Application

A group of small molecules for treating central and peripheral diseases associated with inflammation.

Key Benefits

• Applicable to a wide variety of central nervous system and peripheral diseases.
• Can bypass side effects of existing therapeutics targeting similar inflammatory pathways.
• High target selectivity and aqueous solubility.
• Capability to cross the blood brain barrier.
• Tested for efficacy and safety in preclinical in vivo models.

Market Summary

Neurological disorders like Alzheimer’s, epilepsy and Parkinson’s are distinct from peripheral conditions like cancer and inflammatory bowel disease, yet they share inflammation as a common feature and potential therapeutic target. With rising inflammation-associated disease burden, there is a heightened demand for drugs that address shared signaling pathways across conditions.

Technical Summary

Neuroinflammation is characterized by activation of complex signaling cascades. Prostanoid receptor subtype EP2 is an early member of pro-inflammatory pathways expressed in the brain and uterus, which targets adenylate cyclase and initiates downstream signaling when activated. EP2 is implicated in both central nervous system disorders (Alzheimer’s, Parkinson’s, amyotrophic lateral sclerosis, status epilepticus) and peripheral diseases (rheumatoid arthritis, inflammatory bowel disease, endometriosis, cancer). Given EP2’s broad relevance to inflammatory disorders, Emory researchers synthesized and screened selective EP2 antagonists—finding candidate molecules that demonstrate potency, selectivity, aqueous solubility, and favorable toxicity profiles.

Development Stage

• Panel of therapeutics has been synthesized, screened for selectivity and potency, and tested in vivo in multiple mouse models.
• One molecule (TG11-77) has completed preclinical development through genotox, 7-day safety in rats, and efficacy in multiple disease models.
• Positioned for investigational new drug (IND) application.

Publication

• Ganesh, T., Jiang, J., & Dingledine, R. (2014).

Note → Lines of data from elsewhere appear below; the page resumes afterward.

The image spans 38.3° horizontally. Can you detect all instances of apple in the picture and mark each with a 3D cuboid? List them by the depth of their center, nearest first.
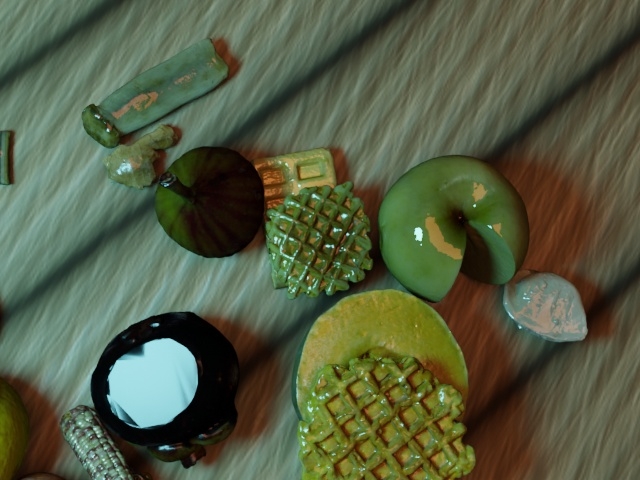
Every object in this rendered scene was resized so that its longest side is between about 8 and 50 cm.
[{"bbox_3d":[0.251,-0.016,1.767,0.292,0.254,0.292,2,78,-9],"label":"apple"}]

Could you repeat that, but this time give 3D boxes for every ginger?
[{"bbox_3d":[-0.343,-0.160,1.815,0.165,0.067,0.096,-35,86,-16],"label":"ginger"}]

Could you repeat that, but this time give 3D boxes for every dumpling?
[{"bbox_3d":[0.444,0.135,1.845,0.150,0.092,0.176,-24,83,-13],"label":"dumpling"}]

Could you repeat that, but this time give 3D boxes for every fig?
[{"bbox_3d":[-0.228,-0.075,1.685,0.217,0.321,0.217,0,89,14],"label":"fig"}]

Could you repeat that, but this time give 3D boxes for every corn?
[{"bbox_3d":[-0.394,0.391,1.656,0.079,0.079,0.237,-37,50,-12],"label":"corn"}]

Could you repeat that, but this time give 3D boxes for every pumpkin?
[{"bbox_3d":[0.093,0.260,1.741,0.332,0.199,0.332,1,87,-12],"label":"pumpkin"}]

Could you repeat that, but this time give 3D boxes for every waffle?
[{"bbox_3d":[0.117,0.349,1.607,0.325,0.068,0.302,10,83,-13],"label":"waffle"},{"bbox_3d":[0.000,0.000,1.775,0.208,0.054,0.214,-17,88,-13],"label":"waffle"},{"bbox_3d":[-0.037,-0.048,1.836,0.168,0.057,0.274,-9,81,-9],"label":"waffle"}]

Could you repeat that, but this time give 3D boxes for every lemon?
[{"bbox_3d":[-0.631,0.338,1.572,0.258,0.310,0.258,-1,95,-16],"label":"lemon"}]

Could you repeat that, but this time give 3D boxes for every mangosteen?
[{"bbox_3d":[-0.270,0.273,1.661,0.287,0.233,0.287,0,82,-1],"label":"mangosteen"}]

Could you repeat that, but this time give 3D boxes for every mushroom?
[{"bbox_3d":[-0.327,-0.291,1.835,0.312,0.081,0.100,-34,93,-16],"label":"mushroom"}]

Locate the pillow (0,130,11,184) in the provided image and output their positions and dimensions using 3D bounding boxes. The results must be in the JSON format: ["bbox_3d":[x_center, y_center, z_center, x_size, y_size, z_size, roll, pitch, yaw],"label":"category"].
[{"bbox_3d":[-0.704,-0.159,1.782,0.203,0.038,0.113,-2,81,-7],"label":"pillow"}]

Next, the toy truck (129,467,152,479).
[{"bbox_3d":[-0.338,0.518,1.685,0.116,0.085,0.191,-28,81,-3],"label":"toy truck"}]

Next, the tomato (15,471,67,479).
[{"bbox_3d":[-0.493,0.515,1.605,0.184,0.208,0.208,39,78,-4],"label":"tomato"}]
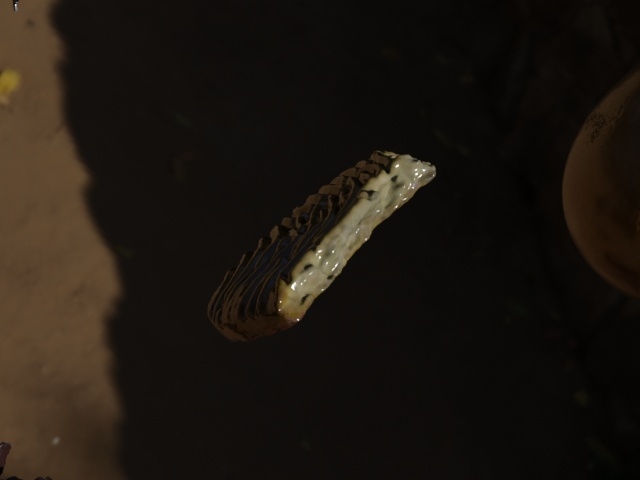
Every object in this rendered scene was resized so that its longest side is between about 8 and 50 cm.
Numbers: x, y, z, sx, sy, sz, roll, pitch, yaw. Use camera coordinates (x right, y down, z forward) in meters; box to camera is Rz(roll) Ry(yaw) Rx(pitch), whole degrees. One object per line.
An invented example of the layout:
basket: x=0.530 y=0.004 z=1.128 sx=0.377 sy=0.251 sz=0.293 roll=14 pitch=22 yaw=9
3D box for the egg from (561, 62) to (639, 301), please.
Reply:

Development of second generation EP2 antagonists with high selectivity. European journal of medicinal chemistry, 82, 521-535.
• Varvel, N. H., Amaradhi, R., Espinosa-Garcia, C., Duddy, S., Franklin, R., Banik, A., ... & Dingledine, R. (2023). Preclinical development of an EP2 antagonist for post-seizure cognitive deficits. Neuropharmacology, 224, 109356.